Starting in 2015, scientists have moved beyond working with people. Newer experiments use CRISPR to target sperm, ova, and even human embryos. When an embryo’s genes have been suitably modified, it is possible to insert the embryo into a womb to create a pregnancy with a genetically modified pre-natal human. The changes that were made will be present in the neonate and all of its descendants. Many countries have outlawed these experiments. Despite it being illegal, there are still some scientists who would like to pursue this.
Has Human Gene Editing been Successful?
One scientist in China achieved the birth of a set of twins who were the result of gene editing in 2018. He used the platform of the Second International Summit on Human Genome Editing to announce the birth, and no doubt to gain attention for his achievement. This public relations campaign has not had the effect of making it legal to use a modified embryo to start a pregnancy. The public names given to the twin girls are Nana and Lulu. These babies were born prematurely (twins often are), but nobody knows what has become of them since. For an update on China’s policies concerning gene editing of humans, click here.
As spokesperson for the Center for Genetics and Society, its Executive Director, Marcy Darnovsky condemned the experiment. The Center advocates for human rights, dignity, and social justice in the field of biotechnology using human subjects or cells.
The sperm cells used for conception came from a father who was infected with HIV. Fortunately, this was not transferred to his offspring. The experiment was not entirely successful as one copy of the modified gene in one child was not changed and the baby showed indications of mosaicism.
The Dangers of Gene Editing in Humans
Darnovsky warned that the creation of children such as Nana and Lulu can lead to unfairness. For example, a genetically modified child may have superior skills that make it impossible for natural humans to compete with them. He was also concerned that rich parents would seek out genetic improvements to their children, creating a superior race.
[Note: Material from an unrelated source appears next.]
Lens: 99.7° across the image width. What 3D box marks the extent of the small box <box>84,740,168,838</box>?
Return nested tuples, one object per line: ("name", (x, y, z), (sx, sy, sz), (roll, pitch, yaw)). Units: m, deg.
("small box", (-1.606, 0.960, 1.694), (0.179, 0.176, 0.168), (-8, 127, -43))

At the Third International Summit on Human Genome Editing, the participants agreed that it is still too early to apply new technologies for gene editing as there is no way to predict what would happen to future generations of children of a genetically modified human embryo. There are still multiple errors being made with the technology, making it too risky. It is also impossible to predict what the health of such children would be like. The committee felt that a widespread debate publicly is needed before opening the doors to genetic editing of human embryos. The conditions under which it could be considered are yet to be realized. These conditions are:
- It has been approved legally
- Efficacy and safety standards are met
- Testing and developments should be carried out under severe oversight
- Governance is in place and is responsible.
There are concerns over the Summit’s approach. This is mainly because the discussion’s focal point seems to have shifted. Initially, in 2018, the discussion centered around the rightness or wrongness of the genetic editing of human embryos and whether it should be allowed at all. More recent meetings of the committee considered the technical problems that needed to be resolved to enable alterations to be made safely.
Another criticism of the committee is that the debate has been limited to a small minority of researchers. The implications of the genetic editing of human embryos are too significant to be confined to a group. Public consideration of this use of technology has to take place. Finally, society is entitled, as a whole, to determine the limits placed upon the scientific community. Just because we can do something does not mean that we should be allowed to do it. Eugenics is perceived as immoral, favoring those with money, while poorer parents would not be able to have ‘designer children’ with carefully chosen traits and health conditions.
Regardless of the stance taken, it is vital to weigh in on discussions around the genetic editing of human embryos.